#### [Problem description]
Print every entry again, precisely as written.

#### [Data supplied]
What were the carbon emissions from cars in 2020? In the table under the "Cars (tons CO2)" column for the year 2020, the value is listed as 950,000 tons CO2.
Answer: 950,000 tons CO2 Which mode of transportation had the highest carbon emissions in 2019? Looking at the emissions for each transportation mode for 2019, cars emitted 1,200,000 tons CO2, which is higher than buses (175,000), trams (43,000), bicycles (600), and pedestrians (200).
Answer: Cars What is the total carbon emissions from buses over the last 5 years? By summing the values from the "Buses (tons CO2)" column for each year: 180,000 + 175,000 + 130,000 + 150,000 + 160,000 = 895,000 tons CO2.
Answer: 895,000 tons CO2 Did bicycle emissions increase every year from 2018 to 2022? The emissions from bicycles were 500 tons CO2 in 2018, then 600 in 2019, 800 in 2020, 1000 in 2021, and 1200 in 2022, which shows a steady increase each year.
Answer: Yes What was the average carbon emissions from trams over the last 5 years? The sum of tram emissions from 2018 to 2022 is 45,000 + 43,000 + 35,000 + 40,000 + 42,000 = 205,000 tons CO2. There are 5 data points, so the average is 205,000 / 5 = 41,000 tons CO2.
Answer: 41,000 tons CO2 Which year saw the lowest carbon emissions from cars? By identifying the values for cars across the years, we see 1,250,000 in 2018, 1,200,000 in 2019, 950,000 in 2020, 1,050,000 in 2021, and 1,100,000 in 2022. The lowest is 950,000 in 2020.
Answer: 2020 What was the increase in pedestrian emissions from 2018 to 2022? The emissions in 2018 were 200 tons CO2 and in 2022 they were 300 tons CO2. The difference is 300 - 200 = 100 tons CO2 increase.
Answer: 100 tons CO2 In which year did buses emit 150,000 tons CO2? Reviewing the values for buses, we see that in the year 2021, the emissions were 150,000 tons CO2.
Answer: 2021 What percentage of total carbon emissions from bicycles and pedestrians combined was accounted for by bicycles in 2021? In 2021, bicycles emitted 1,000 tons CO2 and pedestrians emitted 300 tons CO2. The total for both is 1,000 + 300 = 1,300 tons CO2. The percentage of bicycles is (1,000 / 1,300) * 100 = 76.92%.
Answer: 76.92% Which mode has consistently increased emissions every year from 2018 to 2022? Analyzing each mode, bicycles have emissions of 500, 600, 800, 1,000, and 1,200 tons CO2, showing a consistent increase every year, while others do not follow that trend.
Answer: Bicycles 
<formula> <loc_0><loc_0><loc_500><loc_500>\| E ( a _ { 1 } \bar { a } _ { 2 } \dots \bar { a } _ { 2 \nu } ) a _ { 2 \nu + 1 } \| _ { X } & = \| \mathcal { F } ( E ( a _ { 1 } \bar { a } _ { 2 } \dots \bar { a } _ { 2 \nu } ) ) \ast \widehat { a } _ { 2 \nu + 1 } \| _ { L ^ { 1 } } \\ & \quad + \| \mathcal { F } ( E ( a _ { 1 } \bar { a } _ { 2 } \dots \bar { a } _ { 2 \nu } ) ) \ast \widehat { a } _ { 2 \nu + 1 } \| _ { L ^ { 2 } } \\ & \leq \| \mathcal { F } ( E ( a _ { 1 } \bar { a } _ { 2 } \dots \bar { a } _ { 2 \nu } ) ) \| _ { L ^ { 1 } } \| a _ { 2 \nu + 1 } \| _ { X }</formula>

#### [Written reply]
What were the carbon emissions from cars in 2020? In the table under the "Cars (tons CO2)" column for the year 2020, the value is listed as 950,000 tons CO2.
Answer: 950,000 tons CO2 Which mode of transportation had the highest carbon emissions in 2019? Looking at the emissions for each transportation mode for 2019, cars emitted 1,200,000 tons CO2, which is higher than buses (175,000), trams (43,000), bicycles (600), and pedestrians (200).
Answer: Cars What is the total carbon emissions from buses over the last 5 years? By summing the values from the "Buses (tons CO2)" column for each year: 180,000 + 175,000 + 130,000 + 150,000 + 160,000 = 895,000 tons CO2.
Answer: 895,000 tons CO2 Did bicycle emissions increase every year from 2018 to 2022? The emissions from bicycles were 500 tons CO2 in 2018, then 600 in 2019, 800 in 2020, 1000 in 2021, and 1200 in 2022, which shows a steady increase each year.
Answer: Yes What was the average carbon emissions from trams over the last 5 years? The sum of tram emissions from 2018 to 2022 is 45,000 + 43,000 + 35,000 + 40,000 + 42,000 = 205,000 tons CO2. There are 5 data points, so the average is 205,000 / 5 = 41,000 tons CO2.
Answer: 41,000 tons CO2 Which year saw the lowest carbon emissions from cars? By identifying the values for cars across the years, we see 1,250,000 in 2018, 1,200,000 in 2019, 950,000 in 2020, 1,050,000 in 2021, and 1,100,000 in 2022. The lowest is 950,000 in 2020.
Answer: 2020 What was the increase in pedestrian emissions from 2018 to 2022? The emissions in 2018 were 200 tons CO2 and in 2022 they were 300 tons CO2. The difference is 300 - 200 = 100 tons CO2 increase.
Answer: 100 tons CO2 In which year did buses emit 150,000 tons CO2? Reviewing the values for buses, we see that in the year 2021, the emissions were 150,000 tons CO2.
Answer: 2021 What percentage of total carbon emissions from bicycles and pedestrians combined was accounted for by bicycles in 2021? In 2021, bicycles emitted 1,000 tons CO2 and pedestrians emitted 300 tons CO2. The total for both is 1,000 + 300 = 1,300 tons CO2. The percentage of bicycles is (1,000 / 1,300) * 100 = 76.92%.
Answer: 76.92% Which mode has consistently increased emissions every year from 2018 to 2022? Analyzing each mode, bicycles have emissions of 500, 600, 800, 1,000, and 1,200 tons CO2, showing a consistent increase every year, while others do not follow that trend.
Answer: Bicycles 
<formula> <loc_0><loc_0><loc_500><loc_500>\| E ( a _ { 1 } \bar { a } _ { 2 } \dots \bar { a } _ { 2 \nu } ) a _ { 2 \nu + 1 } \| _ { X } & = \| \mathcal { F } ( E ( a _ { 1 } \bar { a } _ { 2 } \dots \bar { a } _ { 2 \nu } ) ) \ast \widehat { a } _ { 2 \nu + 1 } \| _ { L ^ { 1 } } \\ & \quad + \| \mathcal { F } ( E ( a _ { 1 } \bar { a } _ { 2 } \dots \bar { a } _ { 2 \nu } ) ) \ast \widehat { a } _ { 2 \nu + 1 } \| _ { L ^ { 2 } } \\ & \leq \| \mathcal { F } ( E ( a _ { 1 } \bar { a } _ { 2 } \dots \bar { a } _ { 2 \nu } ) ) \| _ { L ^ { 1 } } \| a _ { 2 \nu + 1 } \| _ { X }</formula>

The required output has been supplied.